The astronauts live in harmony, but the countries they belong to do not. There is a division between the four astronauts who are not Russian and the two who come from Russia.
— I finished the novel before Russia invaded Ukraine. Still, I had in mind that I didn't want to ignore the growing unrest between the West and Russia. That's why at one point in the book there's talk of a rift on the International Space Station. The rift is real, it exists, and it's symbolic. The International Space Station was a peace project that wanted to repair the relations damaged during the Cold War.
It was put into orbit at the end of the 20th century.
— It has been a success for the past 25 years. Seventeen countries have contributed – this is no joke, we should be proud. The Russian part of the International Space Station cannot function without the American, European and Japanese parts. The only way to survive is through cooperation. It is inevitable that all this will be lost soon. The International Space Station will be like a pleasant dream from which we will soon wake up.
There is a subversive point to writing a novel in which nothing happens.
— As readers, we are programmed for disasters, for bad news, or simply for those turning points that make the story move forward. But a novel about an orbiting space station can only explain that it is circling the Earth, over and over, without stopping. History, if it exists, must emulate this movement. Writing a novel is like casting a spell. If I can get the reader to notice its effects and want to stay, I will have won. I trust that will be enough to keep writing like this.
The Booker must have been a help.
— Winning the Booker has been something of a miracle. But I have to fight to keep having one day a week that I can devote to writing. If the Booker takes me away from literature, it will go from being a miracle to a curse.

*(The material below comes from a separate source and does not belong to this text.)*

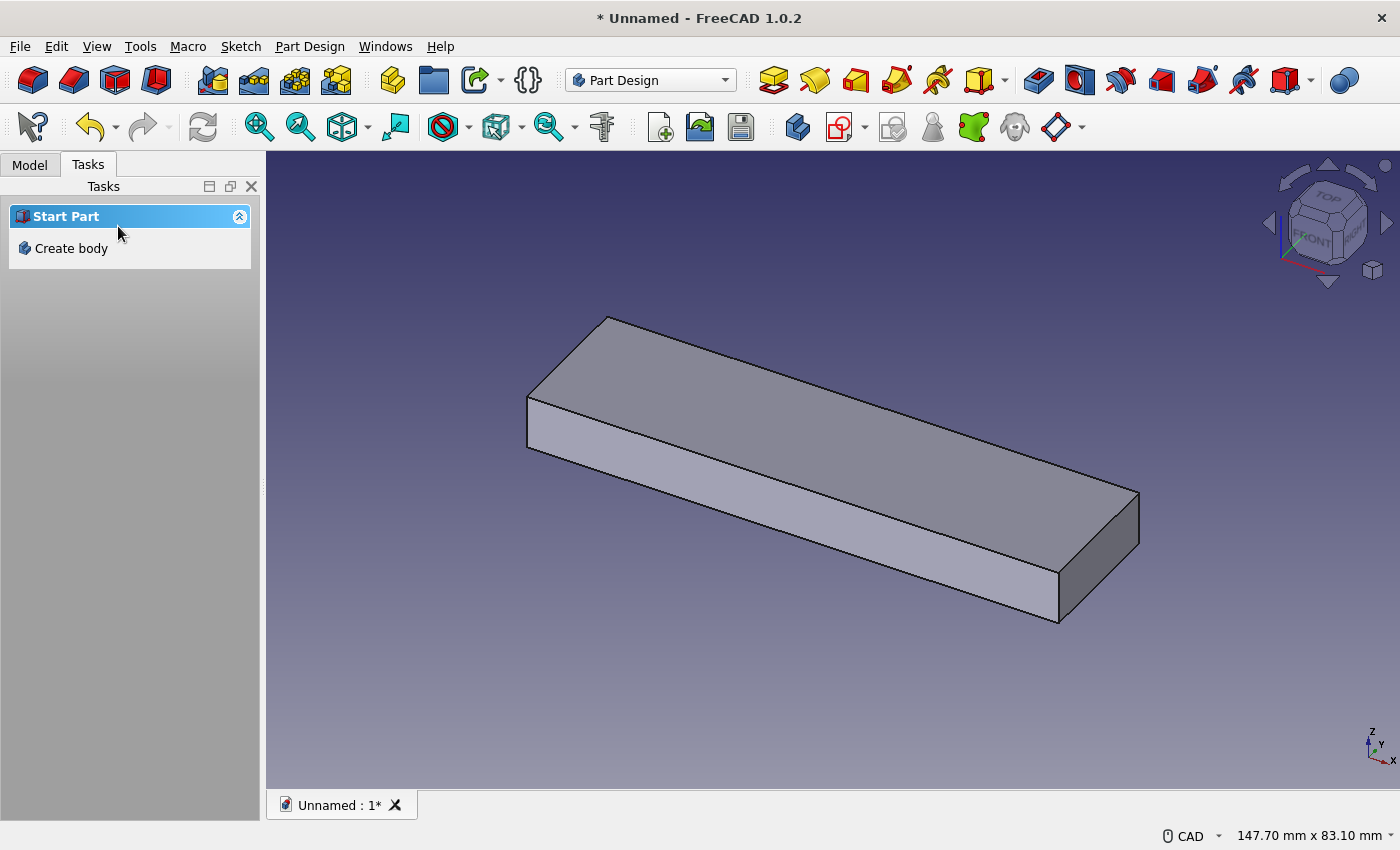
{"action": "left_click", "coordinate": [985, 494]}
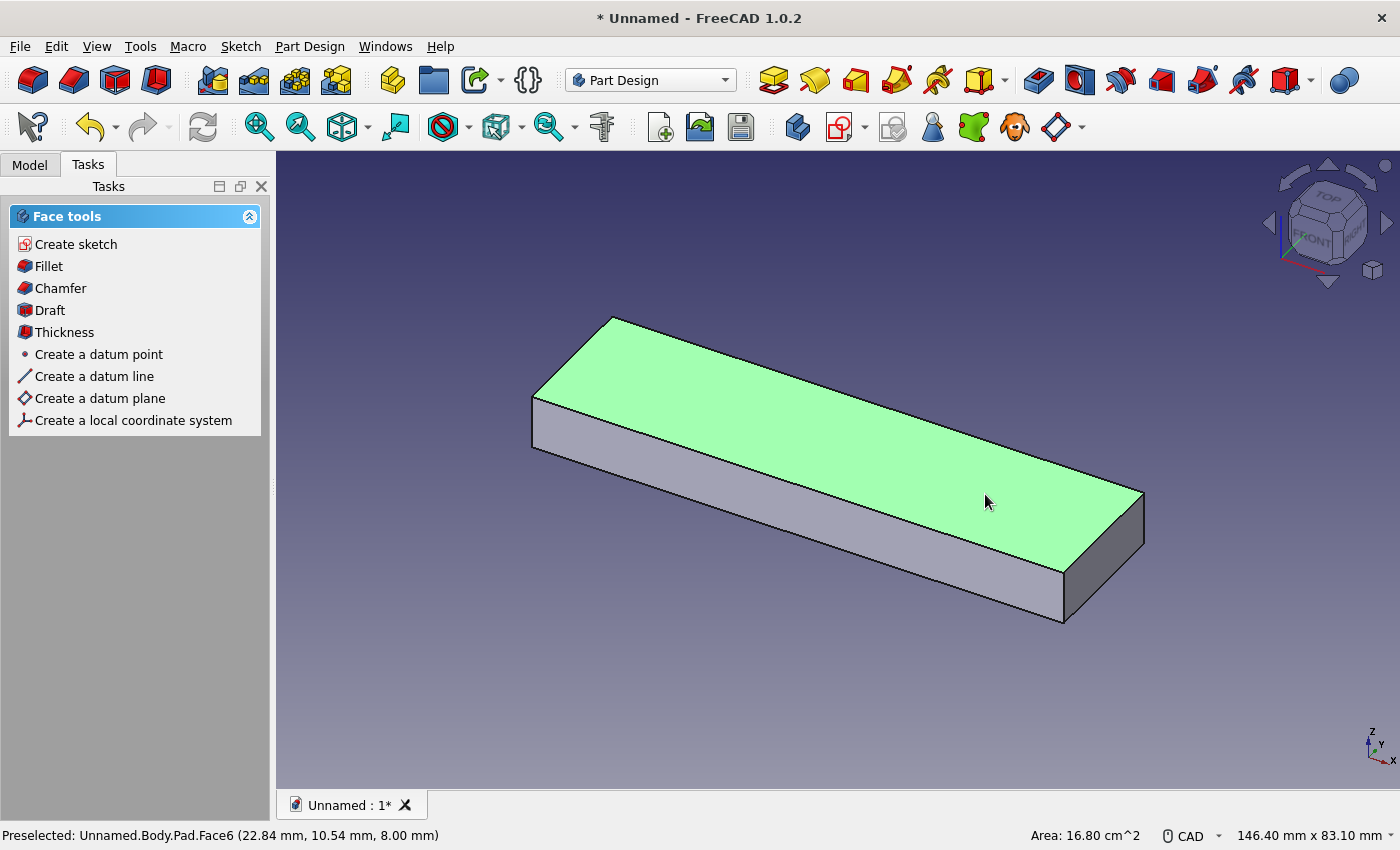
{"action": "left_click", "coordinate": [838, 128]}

BeforeOrbital had been through a difficult time. The insomnia he suffered following the sudden death of a cousin motivated The shapeless unease: in year of not sleeping (2020) [An indefinite malaise [in Spanish at Anagrama, 2022]. Are you feeling better from insomnia?
— I still sleep badly, but I'm a little better. Since the events that prompted that book, I haven't been completely well. That season, despair took hold of me. The nights became eternal. There was no difference from the day, in fact. The only thing I could do, apart from going to the doctor, was write. It's the only thing I know how to do. I didn't write with any other purpose than to try to express myself through phrases that I wanted to be beautiful.
Did that change your approach to literature?
— Absolutely. I realized that it is something I need to do to continue living, regardless of the success or impact my books may have. The world does not need me to write any novels, but I do.